A nova legislação atinge principalmente o foie gras, produto da culinária francesa feito a partir do fígado de patos e gansos submetidos ao método conhecido como gavage. A técnica consiste na introdução de um tubo na garganta da ave para forçar a ingestão de grandes quantidades de alimento, provocando o aumento anormal do fígado. A proibição vale tanto para produtos in natura quanto industrializados. 

A lei tem origem no Projeto de Lei (PL) 90/2020, de autoria do senador Eduardo Girão (Novo-CE). O texto foi aprovado pela Comissão de Meio Ambiente (CMA) do Senado em 2022 e confirmado pela Câmara dos Deputados em abril deste ano.

Ao defender a proposta, Girão classificou a prática como cruel. “Essa tortura cruel é imposta sobre a criação de animais. Aqui eu falo especificamente de patos e gansos, mas pode valer para outros animais. Com essa ingestão forçada, o fígado incha rapidamente, podendo crescer até 12 vezes, causando uma doença pelo acúmulo de gordura e, claro, muito sofrimento ao animal”, afirmou.

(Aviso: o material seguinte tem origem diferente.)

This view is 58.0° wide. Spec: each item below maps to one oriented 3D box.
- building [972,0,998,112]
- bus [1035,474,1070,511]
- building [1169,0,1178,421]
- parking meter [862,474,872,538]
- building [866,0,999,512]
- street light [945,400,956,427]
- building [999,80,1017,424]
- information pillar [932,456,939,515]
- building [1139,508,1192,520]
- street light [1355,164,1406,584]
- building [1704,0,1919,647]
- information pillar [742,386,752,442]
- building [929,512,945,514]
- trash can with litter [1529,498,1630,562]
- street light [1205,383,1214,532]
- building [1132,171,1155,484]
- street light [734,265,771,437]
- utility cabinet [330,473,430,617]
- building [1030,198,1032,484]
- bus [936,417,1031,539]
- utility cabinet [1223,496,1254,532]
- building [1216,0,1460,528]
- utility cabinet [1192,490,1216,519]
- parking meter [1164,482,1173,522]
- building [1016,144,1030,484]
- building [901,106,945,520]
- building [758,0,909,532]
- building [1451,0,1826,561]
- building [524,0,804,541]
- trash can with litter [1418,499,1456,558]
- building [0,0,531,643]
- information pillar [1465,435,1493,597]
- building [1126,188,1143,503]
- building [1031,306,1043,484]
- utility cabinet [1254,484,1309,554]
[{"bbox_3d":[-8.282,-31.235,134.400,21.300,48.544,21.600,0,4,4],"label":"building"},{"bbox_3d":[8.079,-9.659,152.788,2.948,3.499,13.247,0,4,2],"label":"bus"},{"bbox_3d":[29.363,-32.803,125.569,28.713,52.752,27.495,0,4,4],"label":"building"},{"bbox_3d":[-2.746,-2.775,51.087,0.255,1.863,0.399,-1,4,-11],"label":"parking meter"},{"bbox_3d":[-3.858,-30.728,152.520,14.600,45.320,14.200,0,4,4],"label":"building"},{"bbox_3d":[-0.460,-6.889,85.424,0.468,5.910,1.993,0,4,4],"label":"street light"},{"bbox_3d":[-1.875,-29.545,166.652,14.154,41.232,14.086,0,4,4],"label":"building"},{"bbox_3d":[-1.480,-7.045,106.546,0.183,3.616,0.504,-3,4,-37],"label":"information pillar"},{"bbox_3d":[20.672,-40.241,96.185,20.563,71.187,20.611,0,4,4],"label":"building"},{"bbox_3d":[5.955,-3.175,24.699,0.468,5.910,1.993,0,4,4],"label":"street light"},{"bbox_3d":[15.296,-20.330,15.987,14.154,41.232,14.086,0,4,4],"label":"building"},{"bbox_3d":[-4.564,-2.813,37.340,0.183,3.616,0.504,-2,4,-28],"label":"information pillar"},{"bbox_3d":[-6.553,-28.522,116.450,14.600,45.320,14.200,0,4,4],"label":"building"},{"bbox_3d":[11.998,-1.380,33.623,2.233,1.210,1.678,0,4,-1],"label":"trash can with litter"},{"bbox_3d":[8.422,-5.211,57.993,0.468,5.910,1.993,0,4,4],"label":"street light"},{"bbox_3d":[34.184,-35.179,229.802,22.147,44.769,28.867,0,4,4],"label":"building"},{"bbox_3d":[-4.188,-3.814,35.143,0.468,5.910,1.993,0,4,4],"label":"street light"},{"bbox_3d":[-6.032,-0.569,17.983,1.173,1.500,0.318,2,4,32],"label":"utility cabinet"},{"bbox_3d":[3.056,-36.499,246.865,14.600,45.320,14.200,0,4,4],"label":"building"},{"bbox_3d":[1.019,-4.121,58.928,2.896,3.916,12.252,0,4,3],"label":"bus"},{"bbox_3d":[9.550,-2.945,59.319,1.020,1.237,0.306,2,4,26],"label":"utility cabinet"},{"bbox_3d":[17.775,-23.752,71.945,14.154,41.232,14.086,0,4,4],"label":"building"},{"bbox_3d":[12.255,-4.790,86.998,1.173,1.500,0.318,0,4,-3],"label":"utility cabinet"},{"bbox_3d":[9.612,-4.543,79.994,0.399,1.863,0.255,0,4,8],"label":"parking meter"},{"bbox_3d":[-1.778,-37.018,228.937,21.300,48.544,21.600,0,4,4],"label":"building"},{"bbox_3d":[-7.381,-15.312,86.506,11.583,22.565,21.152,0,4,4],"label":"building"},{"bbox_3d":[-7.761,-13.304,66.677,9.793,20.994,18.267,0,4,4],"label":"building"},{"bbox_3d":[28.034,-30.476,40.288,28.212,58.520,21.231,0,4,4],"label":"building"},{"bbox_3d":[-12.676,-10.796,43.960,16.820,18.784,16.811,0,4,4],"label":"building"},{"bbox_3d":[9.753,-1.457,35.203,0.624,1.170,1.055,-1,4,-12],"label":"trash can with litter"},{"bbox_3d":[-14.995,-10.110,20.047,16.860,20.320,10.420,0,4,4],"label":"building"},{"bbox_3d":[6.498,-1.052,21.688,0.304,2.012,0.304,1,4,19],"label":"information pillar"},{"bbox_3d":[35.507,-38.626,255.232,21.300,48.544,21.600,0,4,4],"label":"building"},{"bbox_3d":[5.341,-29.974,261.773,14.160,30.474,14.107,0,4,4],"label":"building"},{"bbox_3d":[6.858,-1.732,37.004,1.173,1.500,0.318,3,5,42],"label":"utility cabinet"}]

A norma define alimentação forçada como qualquer método mecânico ou manual que obrigue o animal a ingerir alimentos ou suplementos acima do seu limite natural de saciedade, por meio de instrumentos introduzidos na garganta, esôfago, papo ou estômago.

Quem descumprir a lei estará sujeito às penas previstas na Lei de Crimes Ambientais, com detenção de três meses a um ano, além de multa. Também poderão ser aplicadas sanções administrativas, como apreensão de animais e produtos, suspensão da fabricação e da venda, embargo de atividades e inutilização dos produtos.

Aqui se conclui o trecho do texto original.